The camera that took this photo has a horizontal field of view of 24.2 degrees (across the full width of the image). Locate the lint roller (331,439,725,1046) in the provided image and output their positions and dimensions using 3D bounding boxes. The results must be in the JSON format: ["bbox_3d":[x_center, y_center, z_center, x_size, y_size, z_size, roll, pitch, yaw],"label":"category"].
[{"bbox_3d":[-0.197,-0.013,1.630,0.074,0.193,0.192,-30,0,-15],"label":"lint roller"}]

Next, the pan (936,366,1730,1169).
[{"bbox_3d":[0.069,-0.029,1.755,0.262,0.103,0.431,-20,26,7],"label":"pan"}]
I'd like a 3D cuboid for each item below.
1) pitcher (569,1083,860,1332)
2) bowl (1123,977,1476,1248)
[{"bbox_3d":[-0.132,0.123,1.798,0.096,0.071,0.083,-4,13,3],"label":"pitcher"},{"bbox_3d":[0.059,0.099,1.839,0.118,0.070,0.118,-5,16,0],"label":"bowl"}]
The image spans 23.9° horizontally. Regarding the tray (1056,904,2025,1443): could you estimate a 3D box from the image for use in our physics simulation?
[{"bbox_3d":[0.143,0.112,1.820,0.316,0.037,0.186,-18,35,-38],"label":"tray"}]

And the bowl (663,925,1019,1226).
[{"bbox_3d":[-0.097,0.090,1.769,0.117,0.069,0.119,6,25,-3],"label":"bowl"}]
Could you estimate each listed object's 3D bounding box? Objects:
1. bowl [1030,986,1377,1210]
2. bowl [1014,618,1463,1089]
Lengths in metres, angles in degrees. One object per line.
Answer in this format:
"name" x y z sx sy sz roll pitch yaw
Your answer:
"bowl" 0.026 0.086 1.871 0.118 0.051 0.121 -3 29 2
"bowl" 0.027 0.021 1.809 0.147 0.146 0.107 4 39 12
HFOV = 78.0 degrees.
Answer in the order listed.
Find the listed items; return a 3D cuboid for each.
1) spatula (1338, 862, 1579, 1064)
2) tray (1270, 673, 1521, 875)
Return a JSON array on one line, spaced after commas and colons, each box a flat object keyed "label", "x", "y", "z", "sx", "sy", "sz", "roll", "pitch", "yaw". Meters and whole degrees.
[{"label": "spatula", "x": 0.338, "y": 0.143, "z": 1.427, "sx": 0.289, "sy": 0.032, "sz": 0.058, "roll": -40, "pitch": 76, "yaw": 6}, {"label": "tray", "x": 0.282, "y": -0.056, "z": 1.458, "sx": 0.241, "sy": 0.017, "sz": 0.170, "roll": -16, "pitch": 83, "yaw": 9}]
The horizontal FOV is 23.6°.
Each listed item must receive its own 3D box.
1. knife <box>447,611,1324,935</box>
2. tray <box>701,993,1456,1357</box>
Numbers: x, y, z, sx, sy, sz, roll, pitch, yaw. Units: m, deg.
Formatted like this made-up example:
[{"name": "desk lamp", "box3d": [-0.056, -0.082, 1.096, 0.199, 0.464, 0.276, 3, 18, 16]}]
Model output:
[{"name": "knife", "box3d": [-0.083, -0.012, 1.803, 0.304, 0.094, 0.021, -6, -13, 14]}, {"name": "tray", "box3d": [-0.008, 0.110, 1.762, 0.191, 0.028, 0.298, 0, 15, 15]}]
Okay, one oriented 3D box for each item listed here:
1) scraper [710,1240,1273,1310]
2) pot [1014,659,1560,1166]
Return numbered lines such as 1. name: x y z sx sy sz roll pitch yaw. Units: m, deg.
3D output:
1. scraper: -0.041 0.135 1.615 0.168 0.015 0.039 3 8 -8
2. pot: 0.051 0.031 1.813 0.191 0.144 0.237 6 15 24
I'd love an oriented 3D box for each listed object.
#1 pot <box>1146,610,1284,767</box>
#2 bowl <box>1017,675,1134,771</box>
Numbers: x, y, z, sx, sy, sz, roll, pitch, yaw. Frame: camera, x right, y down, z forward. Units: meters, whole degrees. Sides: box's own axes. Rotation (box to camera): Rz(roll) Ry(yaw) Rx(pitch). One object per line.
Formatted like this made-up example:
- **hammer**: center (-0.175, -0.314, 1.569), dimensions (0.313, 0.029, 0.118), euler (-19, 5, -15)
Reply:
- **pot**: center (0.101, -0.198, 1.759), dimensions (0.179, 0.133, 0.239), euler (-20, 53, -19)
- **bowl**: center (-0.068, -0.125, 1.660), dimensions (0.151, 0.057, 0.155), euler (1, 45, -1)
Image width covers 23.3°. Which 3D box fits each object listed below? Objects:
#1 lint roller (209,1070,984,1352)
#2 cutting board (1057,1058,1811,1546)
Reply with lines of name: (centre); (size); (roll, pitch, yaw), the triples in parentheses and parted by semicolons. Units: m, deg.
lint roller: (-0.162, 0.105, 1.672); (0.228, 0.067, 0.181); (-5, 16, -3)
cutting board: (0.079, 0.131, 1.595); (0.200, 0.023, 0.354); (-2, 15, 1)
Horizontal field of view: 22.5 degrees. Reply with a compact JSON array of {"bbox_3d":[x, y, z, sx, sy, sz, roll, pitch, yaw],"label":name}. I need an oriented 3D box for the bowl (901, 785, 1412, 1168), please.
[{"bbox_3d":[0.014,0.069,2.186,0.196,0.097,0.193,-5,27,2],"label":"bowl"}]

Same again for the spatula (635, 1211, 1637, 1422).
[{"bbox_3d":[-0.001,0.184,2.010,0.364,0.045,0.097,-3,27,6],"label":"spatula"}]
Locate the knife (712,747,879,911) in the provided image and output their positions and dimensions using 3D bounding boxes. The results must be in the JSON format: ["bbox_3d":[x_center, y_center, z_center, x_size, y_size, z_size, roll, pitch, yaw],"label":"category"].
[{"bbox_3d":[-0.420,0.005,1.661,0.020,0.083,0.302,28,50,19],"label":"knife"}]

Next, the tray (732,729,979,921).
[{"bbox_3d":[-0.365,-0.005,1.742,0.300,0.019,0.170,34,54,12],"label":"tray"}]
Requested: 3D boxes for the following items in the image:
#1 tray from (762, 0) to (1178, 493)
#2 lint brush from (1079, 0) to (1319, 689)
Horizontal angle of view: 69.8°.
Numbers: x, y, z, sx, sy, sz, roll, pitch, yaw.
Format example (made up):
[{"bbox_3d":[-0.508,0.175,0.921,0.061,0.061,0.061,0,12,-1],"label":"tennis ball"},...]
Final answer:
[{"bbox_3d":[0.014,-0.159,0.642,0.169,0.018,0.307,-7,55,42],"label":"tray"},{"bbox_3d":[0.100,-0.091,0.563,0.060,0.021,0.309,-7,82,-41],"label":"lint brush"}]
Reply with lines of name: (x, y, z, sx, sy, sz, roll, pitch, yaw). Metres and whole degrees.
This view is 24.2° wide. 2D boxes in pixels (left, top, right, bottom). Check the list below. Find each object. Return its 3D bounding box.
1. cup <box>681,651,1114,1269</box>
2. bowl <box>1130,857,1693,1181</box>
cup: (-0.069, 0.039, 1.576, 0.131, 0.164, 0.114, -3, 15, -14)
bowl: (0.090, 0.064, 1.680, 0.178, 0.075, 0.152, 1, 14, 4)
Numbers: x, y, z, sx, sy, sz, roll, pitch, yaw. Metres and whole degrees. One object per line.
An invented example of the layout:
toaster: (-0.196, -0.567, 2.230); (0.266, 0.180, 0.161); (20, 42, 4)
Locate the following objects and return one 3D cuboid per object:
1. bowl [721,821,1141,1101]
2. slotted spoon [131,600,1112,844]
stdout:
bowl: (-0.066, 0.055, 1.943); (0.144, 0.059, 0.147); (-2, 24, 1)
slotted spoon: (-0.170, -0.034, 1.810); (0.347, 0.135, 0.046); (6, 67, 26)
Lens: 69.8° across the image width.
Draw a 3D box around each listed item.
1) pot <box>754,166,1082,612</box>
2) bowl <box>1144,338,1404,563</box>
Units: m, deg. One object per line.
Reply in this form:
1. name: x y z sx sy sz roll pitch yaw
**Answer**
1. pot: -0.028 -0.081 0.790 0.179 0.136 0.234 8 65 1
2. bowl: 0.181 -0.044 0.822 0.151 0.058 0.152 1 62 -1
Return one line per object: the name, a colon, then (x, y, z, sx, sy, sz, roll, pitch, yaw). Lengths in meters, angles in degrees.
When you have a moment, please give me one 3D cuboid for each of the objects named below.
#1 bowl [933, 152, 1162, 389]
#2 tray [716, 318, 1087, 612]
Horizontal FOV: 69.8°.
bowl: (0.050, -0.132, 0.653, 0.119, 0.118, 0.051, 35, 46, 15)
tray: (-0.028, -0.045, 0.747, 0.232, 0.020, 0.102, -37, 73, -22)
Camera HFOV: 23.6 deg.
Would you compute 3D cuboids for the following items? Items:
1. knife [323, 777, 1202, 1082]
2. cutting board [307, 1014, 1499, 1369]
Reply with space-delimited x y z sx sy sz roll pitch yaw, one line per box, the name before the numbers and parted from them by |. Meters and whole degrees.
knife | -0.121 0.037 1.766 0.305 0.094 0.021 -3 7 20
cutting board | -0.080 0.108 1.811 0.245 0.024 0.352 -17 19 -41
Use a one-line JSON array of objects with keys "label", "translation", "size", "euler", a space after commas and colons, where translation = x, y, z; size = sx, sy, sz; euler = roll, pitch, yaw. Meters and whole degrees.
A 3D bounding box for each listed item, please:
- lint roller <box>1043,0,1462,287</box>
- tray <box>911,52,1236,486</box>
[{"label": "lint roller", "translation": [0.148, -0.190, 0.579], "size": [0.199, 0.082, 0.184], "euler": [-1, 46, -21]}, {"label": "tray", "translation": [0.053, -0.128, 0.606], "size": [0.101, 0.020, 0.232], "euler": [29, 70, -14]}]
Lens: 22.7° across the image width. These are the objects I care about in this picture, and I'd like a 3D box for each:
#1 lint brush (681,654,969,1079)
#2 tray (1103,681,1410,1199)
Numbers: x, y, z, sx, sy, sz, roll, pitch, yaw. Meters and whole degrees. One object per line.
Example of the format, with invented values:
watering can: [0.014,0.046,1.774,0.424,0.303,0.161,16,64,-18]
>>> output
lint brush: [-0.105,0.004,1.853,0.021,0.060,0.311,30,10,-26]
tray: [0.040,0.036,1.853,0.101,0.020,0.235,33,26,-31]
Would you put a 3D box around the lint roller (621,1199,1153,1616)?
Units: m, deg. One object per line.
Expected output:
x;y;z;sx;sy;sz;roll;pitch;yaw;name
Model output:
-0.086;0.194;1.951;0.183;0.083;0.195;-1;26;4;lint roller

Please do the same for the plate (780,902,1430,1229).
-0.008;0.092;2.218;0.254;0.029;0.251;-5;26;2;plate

__________________________________________________

# Exercise description
Given the records above, restate word for word only the lines starting at the one with "Format example (made" and ending at the one with "toaster: (-0.196, -0.567, 2.230);".

# Exercise answer
Format example (made up):
[{"bbox_3d":[-0.508,0.175,0.921,0.061,0.061,0.061,0,12,-1],"label":"tennis ball"},...]
Final answer:
[{"bbox_3d":[0.014,-0.159,0.642,0.169,0.018,0.307,-7,55,42],"label":"tray"},{"bbox_3d":[0.100,-0.091,0.563,0.060,0.021,0.309,-7,82,-41],"label":"lint brush"}]
Reply with lines of name: (x, y, z, sx, sy, sz, roll, pitch, yaw). Metres and whole degrees.
This view is 24.2° wide. 2D boxes in pixels (left, top, right, bottom). Check the list below. Find each object. Return its 3D bounding box.
1. cup <box>681,651,1114,1269</box>
2. bowl <box>1130,857,1693,1181</box>
cup: (-0.069, 0.039, 1.576, 0.131, 0.164, 0.114, -3, 15, -14)
bowl: (0.090, 0.064, 1.680, 0.178, 0.075, 0.152, 1, 14, 4)
Numbers: x, y, z, sx, sy, sz, roll, pitch, yaw. Metres and whole degrees. One object per line.
An invented example of the layout:
toaster: (-0.196, -0.567, 2.230); (0.266, 0.180, 0.161); (20, 42, 4)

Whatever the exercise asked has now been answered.